On Mon 01-07-13 18:10:56, Dave Chinner wrote:
> On Mon, Jul 01, 2013 at 09:50:05AM +0200, Michal Hocko wrote:
> > On Mon 01-07-13 11:25:58, Dave Chinner wrote:
> > > On Sun, Jun 30, 2013 at 08:33:49PM +0200, Michal Hocko wrote:
> > > > On Sat 29-06-13 12:55:09, Dave Chinner wrote:
> > > > > On Thu, Jun 27, 2013 at 04:54:11PM +0200, Michal Hocko wrote:
> > > > > > On Thu 27-06-13 09:24:26, Dave Chinner wrote:
> > > > > > > On Wed, Jun 26, 2013 at 10:15:09AM +0200, Michal Hocko wrote:
> > > > > > > > On Tue 25-06-13 12:27:54, Dave Chinner wrote:
> > > > > > > > > On Tue, Jun 18, 2013 at 03:50:25PM +0200, Michal Hocko wrote:
> > > > > > > > > > And again, another hang. It looks like the inode deletion 
> > > > > > > > > > never
> > > > > > > > > > finishes. The good thing is that I do not see any LRU 
> > > > > > > > > > related BUG_ONs
> > > > > > > > > > anymore.
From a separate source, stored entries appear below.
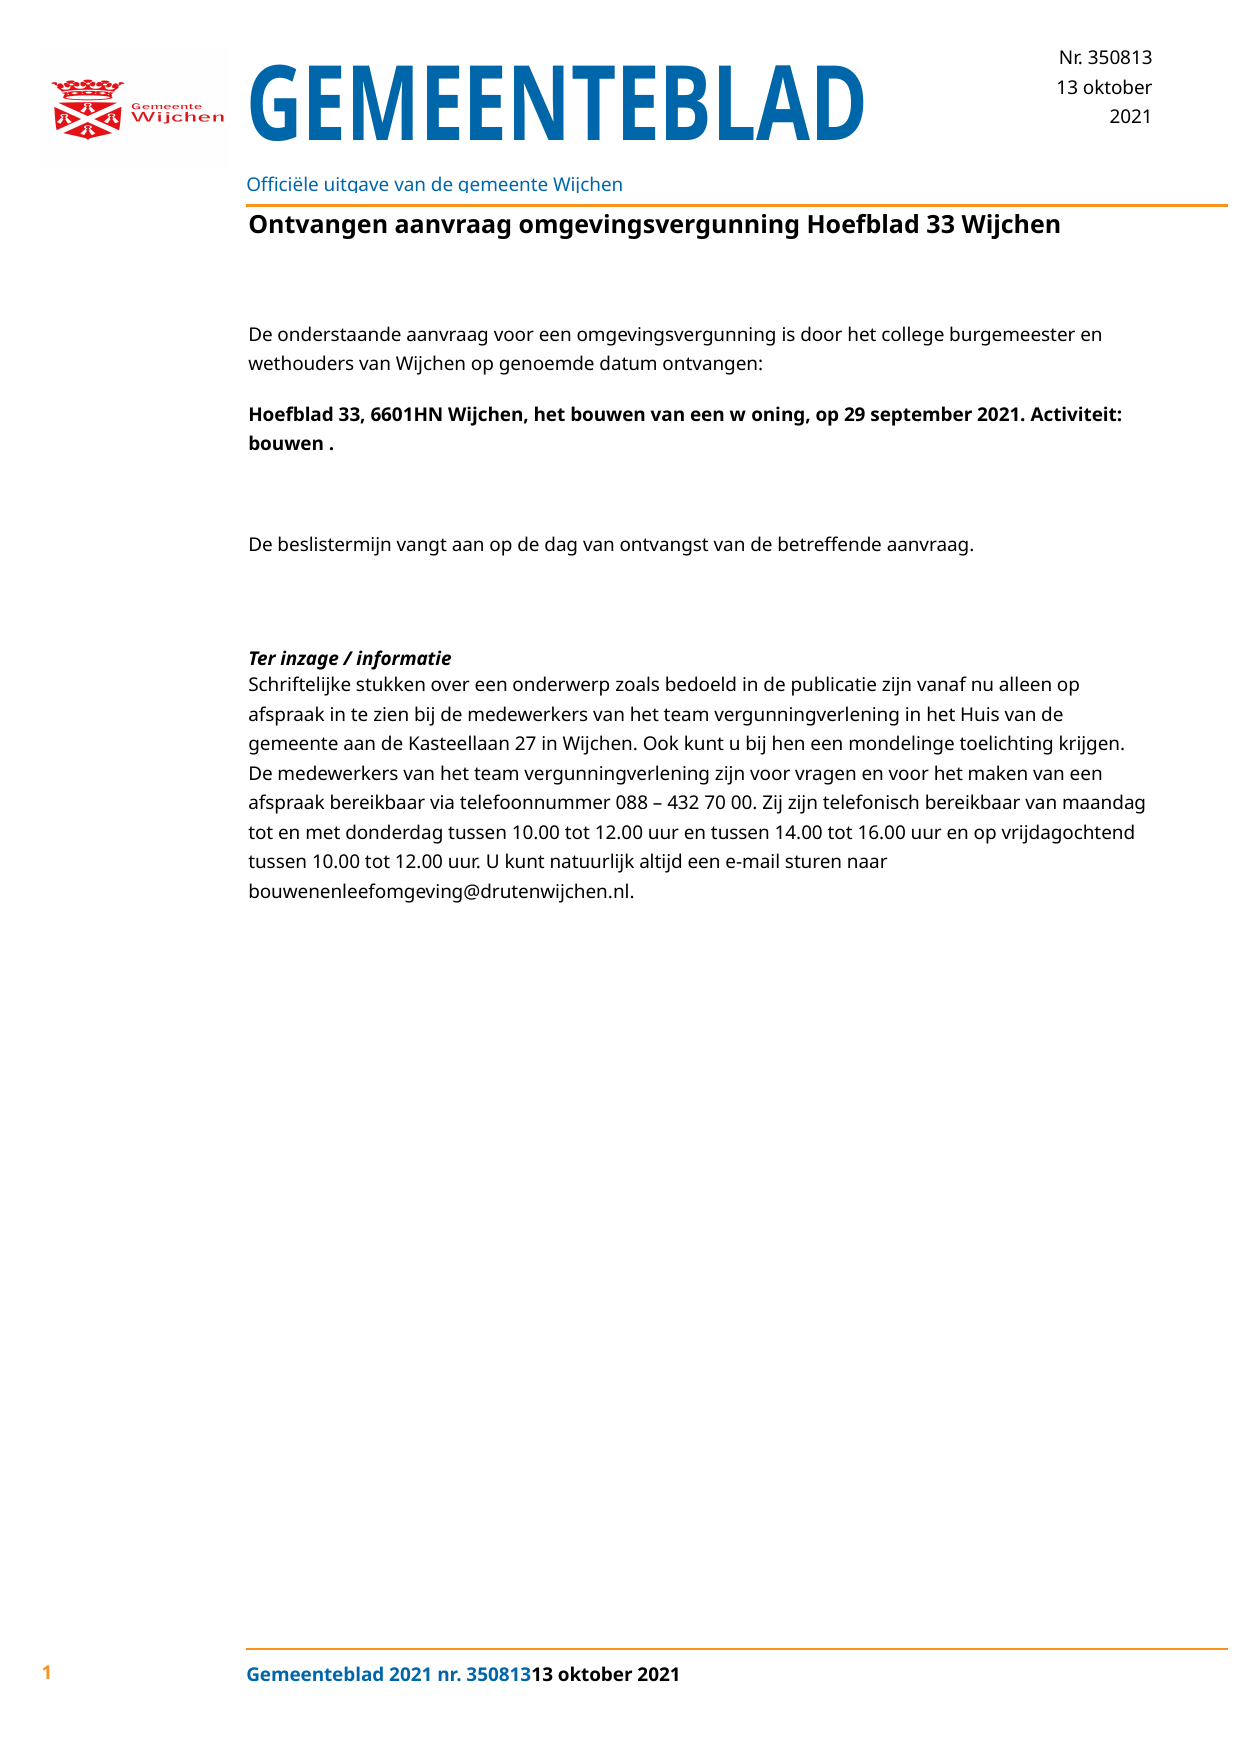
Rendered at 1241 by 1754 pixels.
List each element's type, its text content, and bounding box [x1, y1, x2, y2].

picture [41, 47, 231, 172]
text Hoefblad 33, 6601HN Wijchen, het bouwen van een w oning, op 29 september 2021. Activiteit: bouwen . [248, 401, 1152, 456]
text Ontvangen aanvraag omgevingsvergunning Hoefblad 33 Wijchen [248, 207, 1152, 241]
text De onderstaande aanvraag voor een omgevingsvergunning is door het college burgemeester en wethouders van Wijchen op genoemde datum ontvangen: [248, 321, 1152, 376]
text De beslistermijn vangt aan op de dag van ontvangst van de betreffende aanvraag. [248, 531, 1152, 557]
text Schriftelijke stukken over een onderwerp zoals bedoeld in de publicatie zijn vanaf nu alleen op afspraak in te zien bij de medewerkers van het team vergunningverlening in het Huis van de gemeente aan de Kasteellaan 27 in Wijchen. Ook kunt u bij hen een mondelinge toelichting krijgen. De medewerkers van het team vergunningverlening zijn voor vragen en voor het maken van een afspraak bereikbaar via telefoonnummer 088 – 432 70 00. Zij zijn telefonisch bereikbaar van maandag tot en met donderdag tussen 10.00 tot 12.00 uur en tussen 14.00 tot 16.00 uur en op vrijdagochtend tussen 10.00 tot 12.00 uur. U kunt natuurlijk altijd een e-mail sturen naar bouwenenleefomgeving@drutenwijchen.nl. [248, 671, 1152, 904]
text Ter inzage / informatie [248, 646, 1152, 671]

I am going to test with the other patch in the 
> > > > > > > > > > thread.
> > > > > > > > > > 
> > > > > > > > > > 2476 [<ffffffff8118325e>] __wait_on_freeing_inode+0x9e/0xc0 
> > > > > > > > > > <<< waiting for an inode to go away
> > > > > > > > > > [<ffffffff81183321>] find_inode_fast+0xa1/0xc0
> > > > > > > > > > [<ffffffff8118525f>] iget_locked+0x4f/0x180
> > > > > > > > > > [<ffffffff811ef9e3>] ext4_iget+0x33/0x9f0
> > > > > > > > > > [<ffffffff811f6a1c>] ext4_lookup+0xbc/0x160
> > > > > > > > > > [<ffffffff81174ad0>] lookup_real+0x20/0x60
> > > > > > > > > > [<ffffffff81177e25>] lookup_open+0x175/0x1d0
> > > > > > > > > > [<ffffffff8117815e>] do_last+0x2de/0x780                    
> > > > > > > > > > <<< holds i_mutex
> > > > > > > > > > [<ffffffff8117ae9a>] path_openat+0xda/0x400
> > > > > > > > > > [<ffffffff8117b303>] do_filp_open+0x43/0xa0
> > > > > > > > > > [<ffffffff81168ee0>] do_sys_open+0x160/0x1e0
> > > > > > > > > > [<ffffffff81168f9c>] sys_open+0x1c/0x20
> > > > > > > > > > [<ffffffff81582fe9>] system_call_fastpath+0x16/0x1b
> > > > > > > > > > [<ffffffffffffffff>] 0xffffffffffffffff
> > > 
> > > .....
> > > > Do you mean sysrq+t? It is attached. 
> > > > 
> > > > Btw. I was able to reproduce this again. The stuck processes were
> > > > sitting in the same traces for more than 28 hours without any change so
> > > > I do not think this is a temporal condition.
> > > > 
> > > > Traces of all processes in the D state:
> > > > 7561 [<ffffffffa029c03e>] xfs_iget+0xbe/0x190 [xfs]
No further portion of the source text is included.